Mycoplasma genitalia is a bacterium that is sexually transmitted and can cause infection. A person can become infected through any genital contact. Some studies suggest that Mycoplasma genitalium is as easily transmitted as chlamydia.

Diagnosis

Diagnosis of mycoplasma is difficult due to the lack of available tests. Sometimes a diagnosis of Mycoplasma genitalium is made only after treatment for more common STIs, such as gonorrhea or chlamydia, has failed, or if there are symptoms but tests for other STIs are negative.

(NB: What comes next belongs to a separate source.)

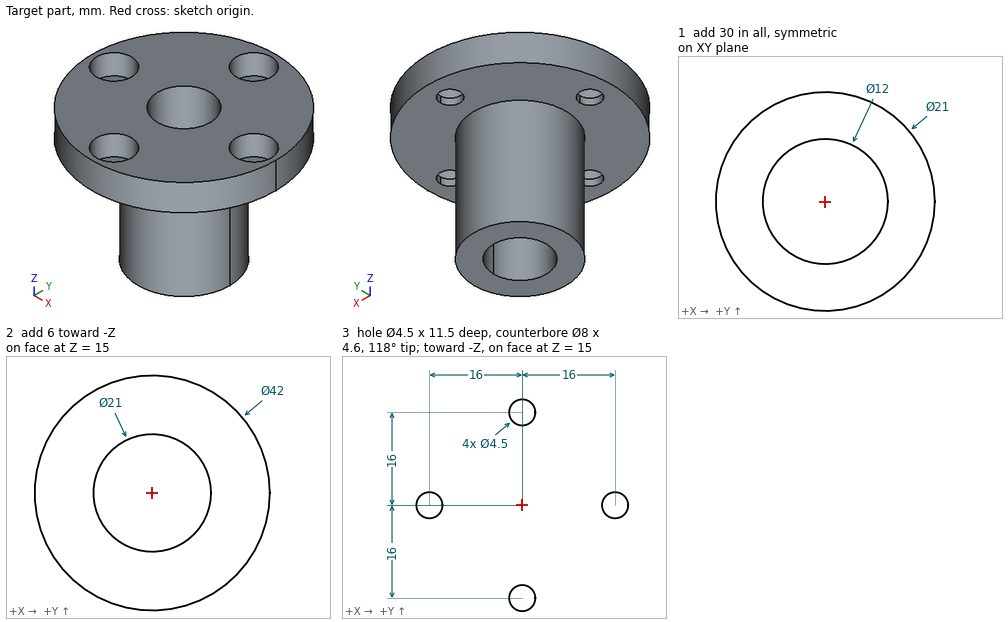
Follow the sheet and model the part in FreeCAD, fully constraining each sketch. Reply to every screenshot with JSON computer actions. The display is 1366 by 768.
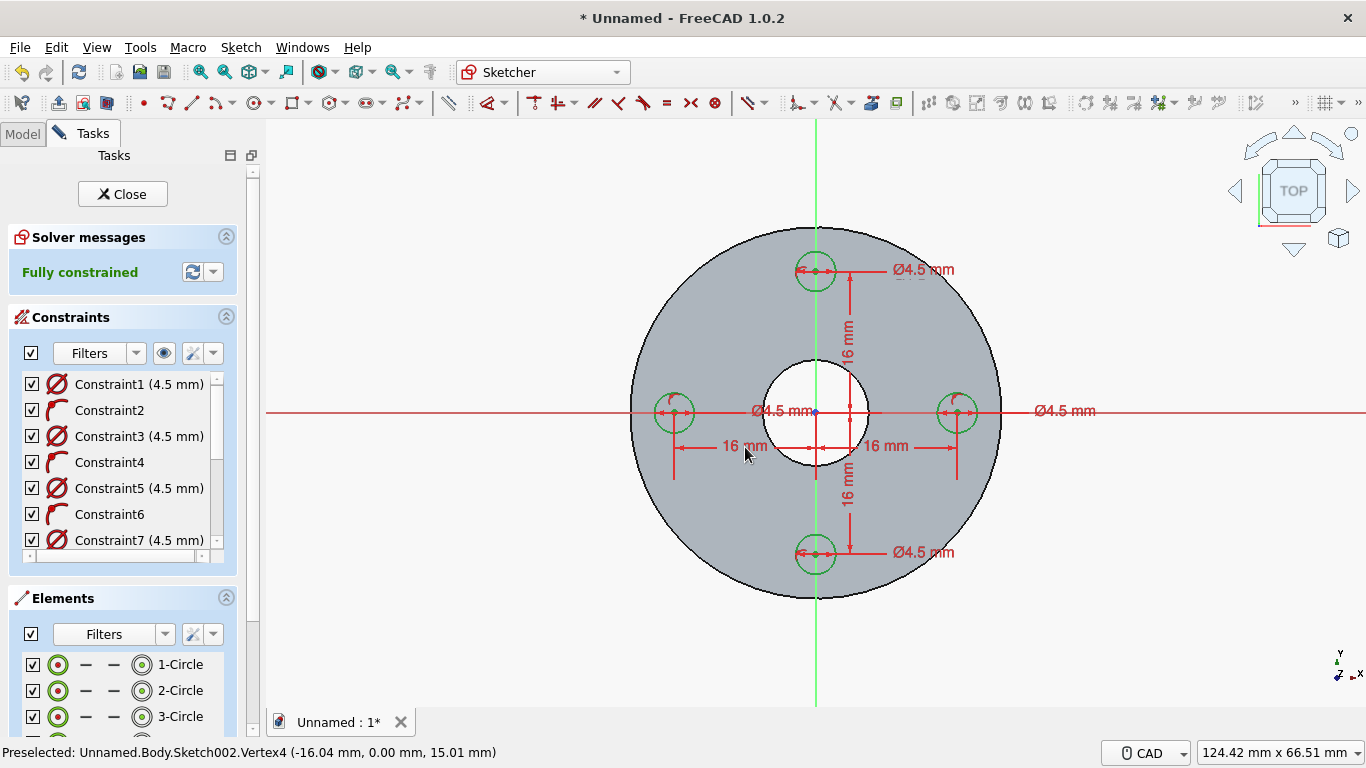
{"action": "left_click", "coordinate": [123, 194]}

Diagnosis of Mycoplasma genitalium, may be made in the presence of persistent symptoms of urethritis or cervicitis.

To confirm the diagnosis, the doctor may order a nucleic acid amplification test, which can detect certain genetic characteristics of the bacterium Mycoplasma genitalium. This test can be done using a urine sample or a vaginal or urethral swab.

Treatment

Many commonly prescribed antibiotics may not be effective in treating this infection.

Antibiotic resistance.

Recent studies have shown that Mycoplasma genitalium may be resistant to first-line antibiotics such as moxifloxacin, azithromycin, and macrolides. And therefore, treatment can be quite difficult.

Due to the resistance of Mycoplasma genitalium to many antibiotics, the following treatment options are recommended:

If susceptibility testing is possible:

• For macrolide sensitivity: doxycycline + azithromycin – according to scheme
• With resistance to macrolides: doxycycline + moxifloxacin – according to the scheme

If susceptibility testing is not available:

• : doxycycline and moxifloxacin.

Any human sexual partners should also be tested for mycoplasma infection, even if they are asymptomatic.

Mycoplasma genitalium risk factors

As with many STIs, there are several risk factors that can increase the risk of MG infection, including:

• having sex without a condom or other barrier method
• recently diagnosed with chlamydia or gonorrhea
• multiple sexual partners in the last 12 months
• HIV or AIDS

Is there a risk of genital mycoplasma infection if a woman is pregnant?

Pregnant women are at risk of contracting Mycoplasma genitalium.